===== SUPPLIED RECORDS

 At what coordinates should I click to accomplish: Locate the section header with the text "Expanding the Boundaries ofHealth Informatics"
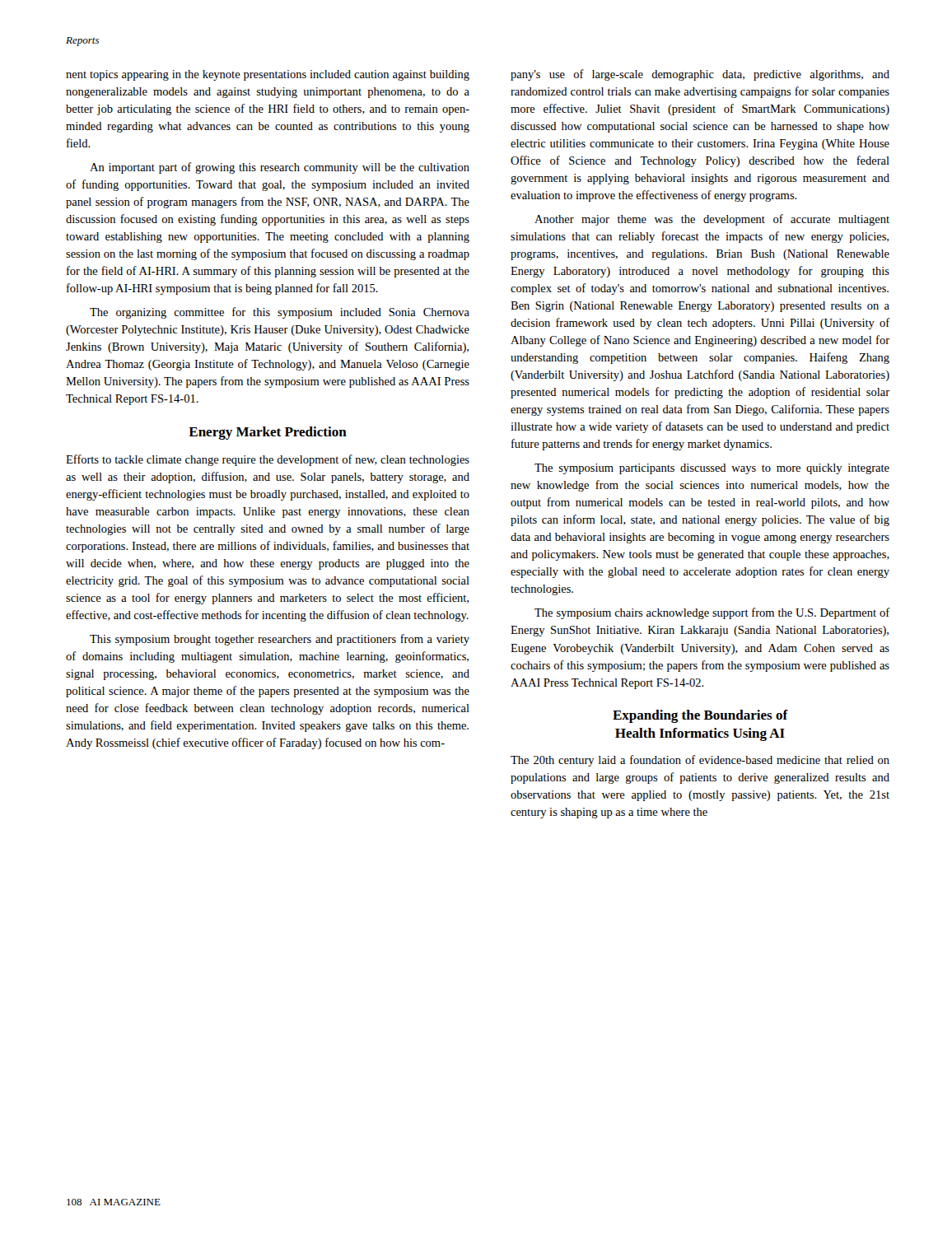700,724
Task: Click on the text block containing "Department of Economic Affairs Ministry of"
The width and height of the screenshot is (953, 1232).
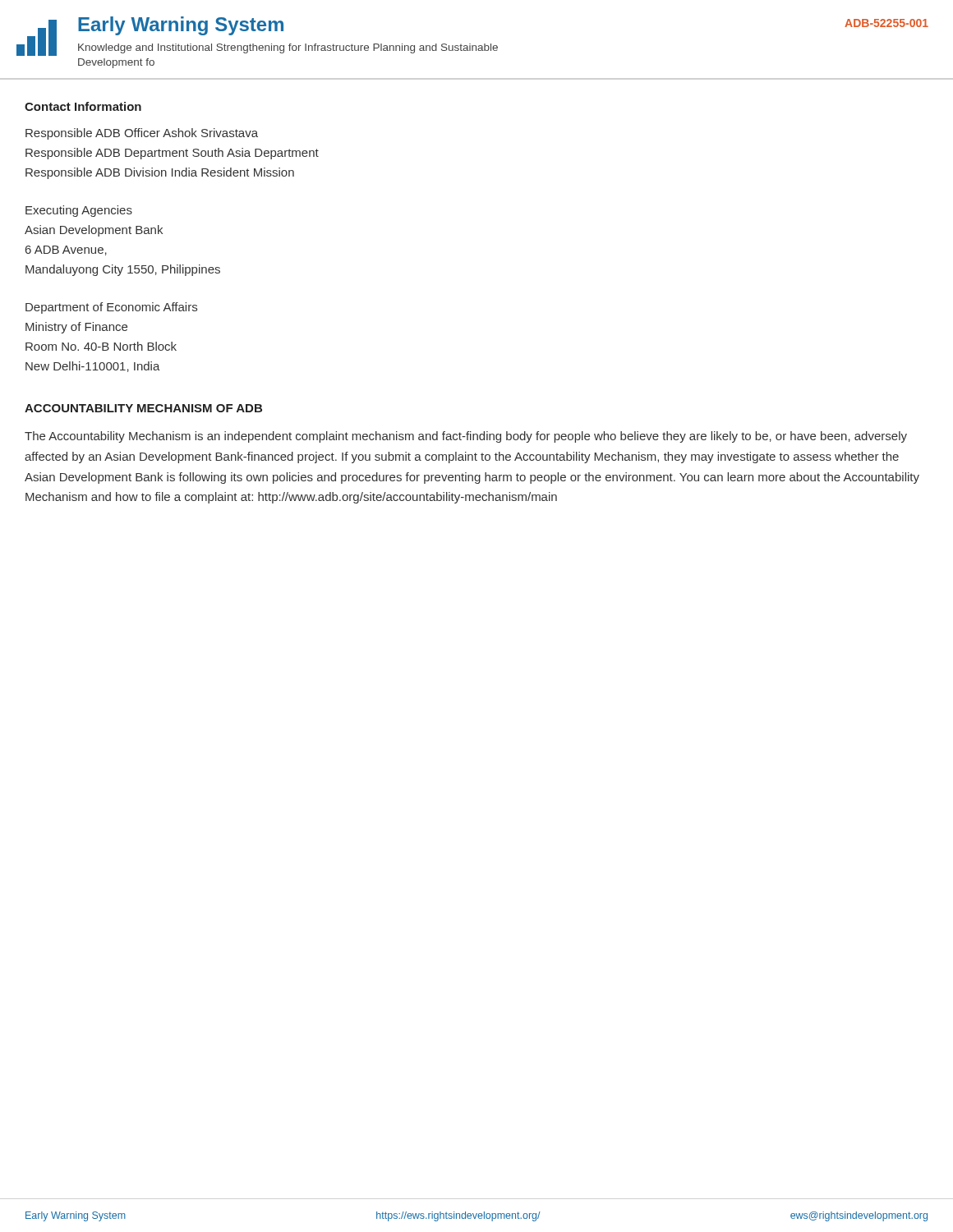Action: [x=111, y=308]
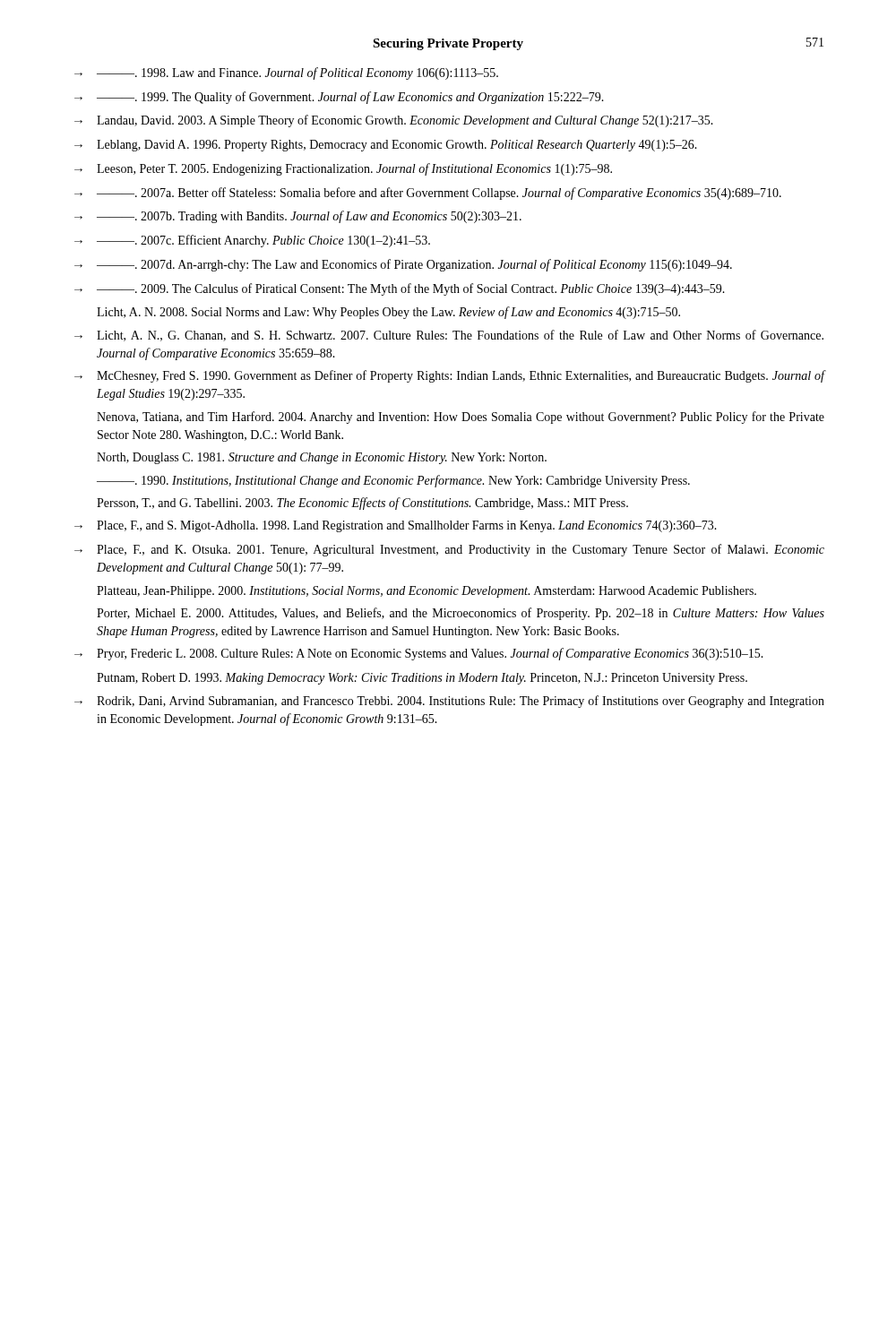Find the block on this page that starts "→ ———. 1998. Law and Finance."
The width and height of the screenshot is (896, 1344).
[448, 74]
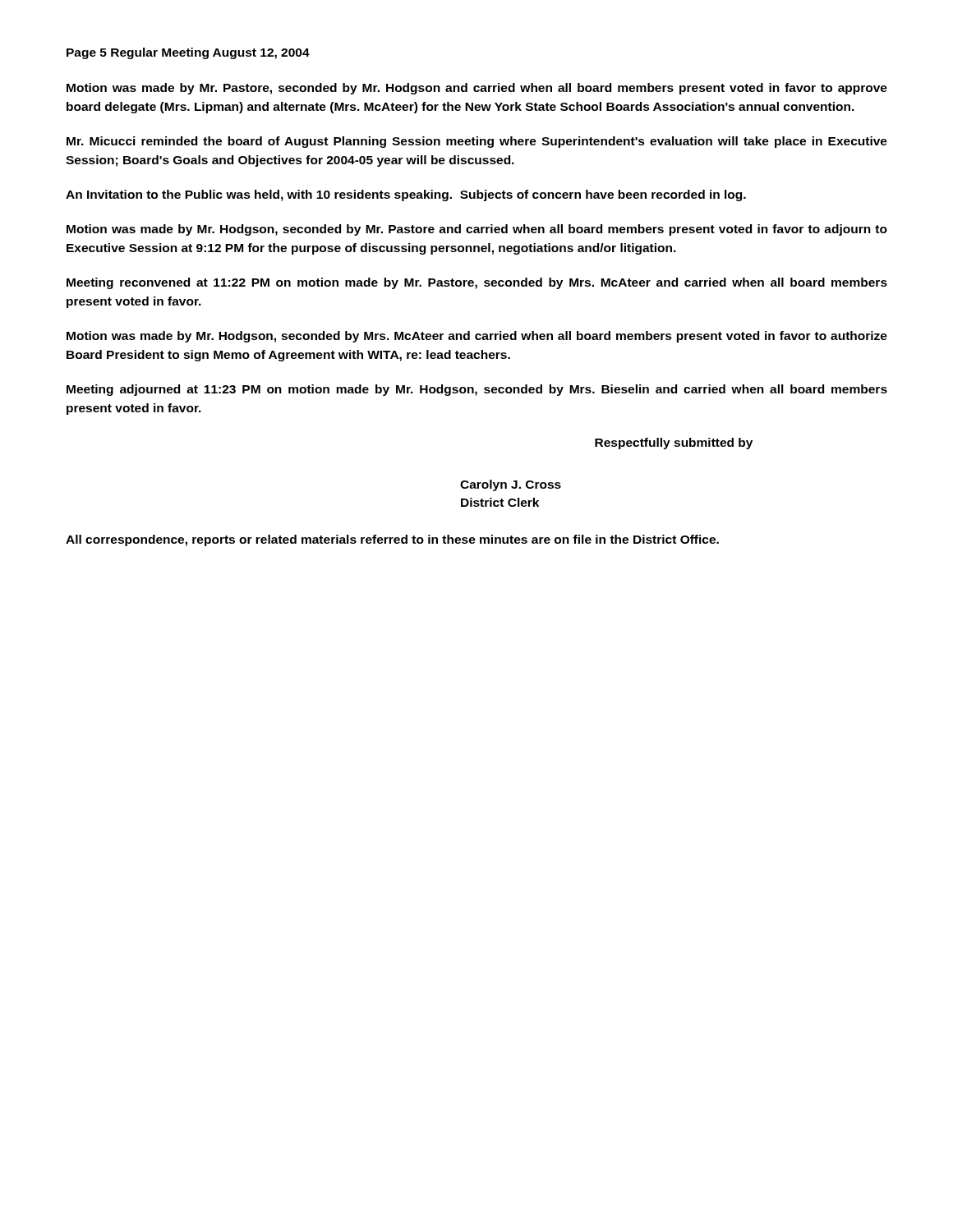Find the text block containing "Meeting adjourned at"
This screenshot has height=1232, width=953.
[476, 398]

==========

• _TASK PROMPT_
Everything in the records above should be printed exactly, apart from the pictures.

• _REPLY TO THE EXERCISE_
 At what coordinates should I click to accomplish: Locate the section header with the text "Expanding the Boundaries ofHealth Informatics"
700,724
Task: Click on the text block containing "Department of Economic Affairs Ministry of"
The width and height of the screenshot is (953, 1232).
Action: [x=111, y=308]
Find the block on this page that starts "→ ———. 1998. Law and Finance."
The width and height of the screenshot is (896, 1344).
[448, 74]
Find the text block containing "Meeting adjourned at"
This screenshot has height=1232, width=953.
[476, 398]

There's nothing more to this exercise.